SECTION 3.        Representations and Warranties of Oak Circle. Oak Circle represents and warrants to and agrees with the Manager that:

 

(a)          All information concerning Oak Circle set forth under the headings (i) “Prospectus Supplement Summary” in the Prospectus; and (ii) “Business – Our Manager” and “Risk Factors – Risks Associated with Our Relationship with Our Manager” in the Company’s annual report on Form 10-K for the year ended December 31, 2016 or incorporated by reference in the Registration Statement is true and correct in all material respects.

 

(b)          Oak Circle has been duly formed and incorporated and is existing as a limited liability company in good standing under the laws of the State of Delaware, is duly qualified to do business and is in good standing as a foreign limited liability company in each jurisdiction in which its ownership or lease of property or assets or the conduct of its business requires such qualification, except where the failure to so qualify would not have a Material Adverse Effect, and has full power and authority necessary to own, hold, lease and/or operate its assets and properties, to conduct the business in which it is engaged and as described in the Prospectus and to enter into and perform its obligations under this Agreement and the Management Agreement and to consummate the transactions contemplated hereby, and Oak Circle is in compliance in all material respects with the laws, orders, rules, regulations and directives issued or administered by such jurisdictions.

 

(c)          This Agreement and the transactions contemplated to be consummated by Oak Circle in this Agreement and the Prospectus have been duly and validly authorized by Oak Circle and this Agreement has been duly and validly executed and delivered by Oak Circle.

 

(d)          The Management Agreement has been duly authorized, executed and delivered by Oak Circle and constitutes a valid and binding agreement of Oak Circle enforceable in accordance with its terms, except to the extent that enforcement thereof may be limited by bankruptcy, insolvency, reorganization or other laws affecting enforcement of creditors’ rights or by general equitable principles.

 

(e)          Oak Circle is not in breach of, or in default under (nor has any event occurred which with notice, lapse of time, or both would result in any breach of, or constitute a default under), (i) its certificate of formation or operating agreement or (ii) any obligation, agreement, covenant or condition contained in any contract, license, repurchase agreement, indenture, mortgage, deed of trust, bank loan or credit agreement, note, lease or other evidence of indebtedness, or any lease, contract or other agreement or instrument to which Oak Circle is a party or by which it or any of its assets or properties may be bound or affected, the effect of which breach or default under this clause (ii) could have a Material Adverse Effect.

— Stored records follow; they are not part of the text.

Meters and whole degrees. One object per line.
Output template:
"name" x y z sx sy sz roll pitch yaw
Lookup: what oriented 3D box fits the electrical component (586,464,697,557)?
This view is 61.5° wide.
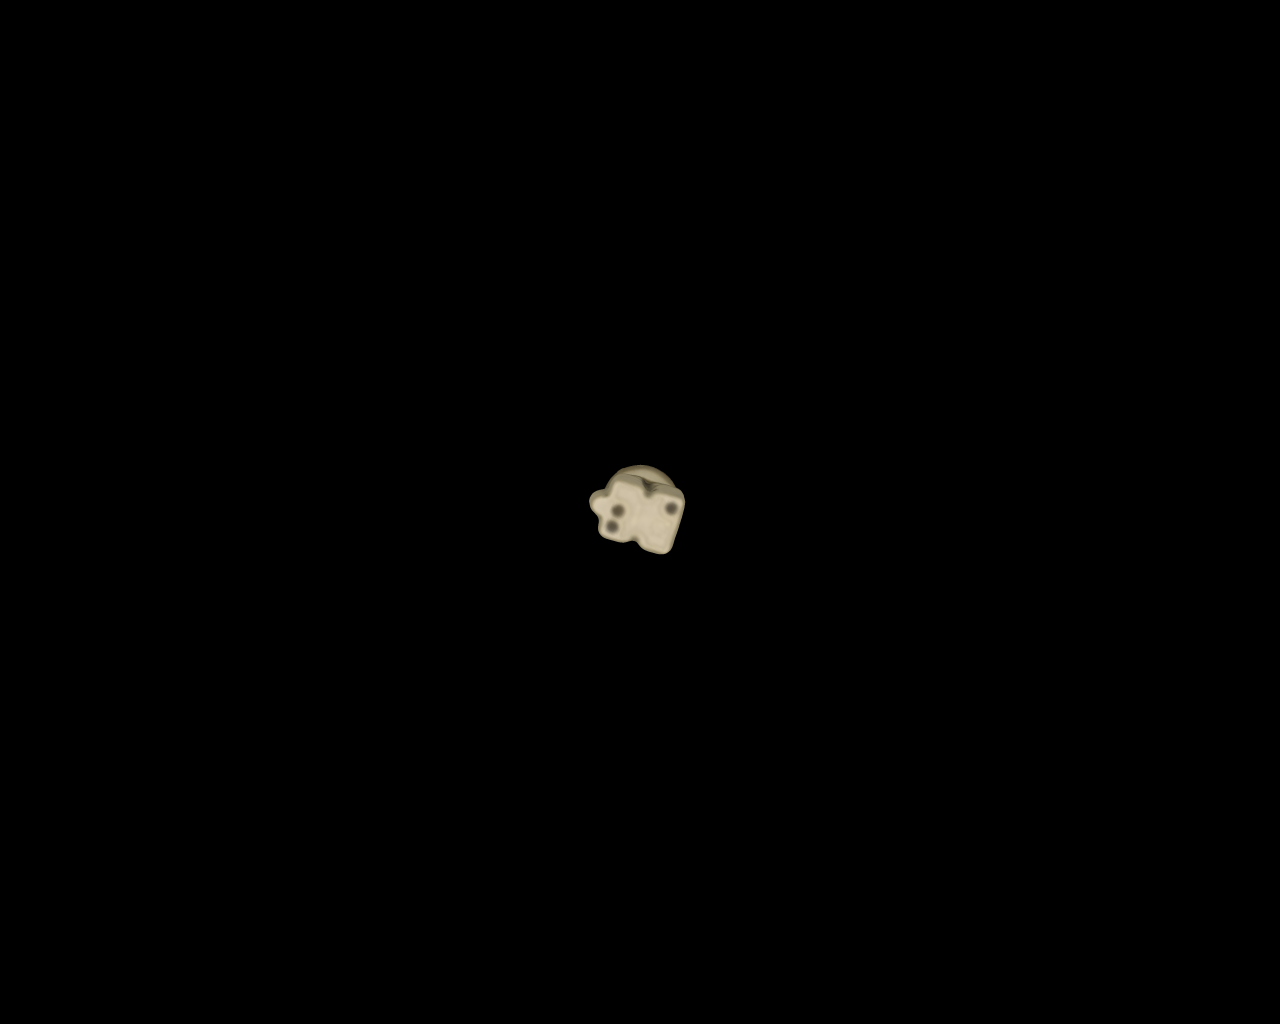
"electrical component" 0.001 -0.003 0.650 0.066 0.048 0.055 18 11 -4

The execution, delivery and performance of this Agreement and the consummation of the transactions contemplated hereby will not conflict with, or result in any breach of or constitute a default under (nor constitute any event which with notice, lapse of time, or both would result in any breach of or constitute a default under), (x) any provision of the certificate of formation or operating agreement of Oak Circle, (y) any provision of any contract, license, repurchase agreement, indenture, mortgage, deed of trust, bank loan or credit agreement, note, lease or other evidence of indebtedness, or any lease, contract or other agreement or instrument to which Oak Circle is a party or by which Oak Circle or any of its assets or properties may be bound or affected, the effect of which could have a Material Adverse Effect, or (z) under any federal, state, local or foreign law, regulation or rule or any decree, judgment or order applicable to Oak Circle.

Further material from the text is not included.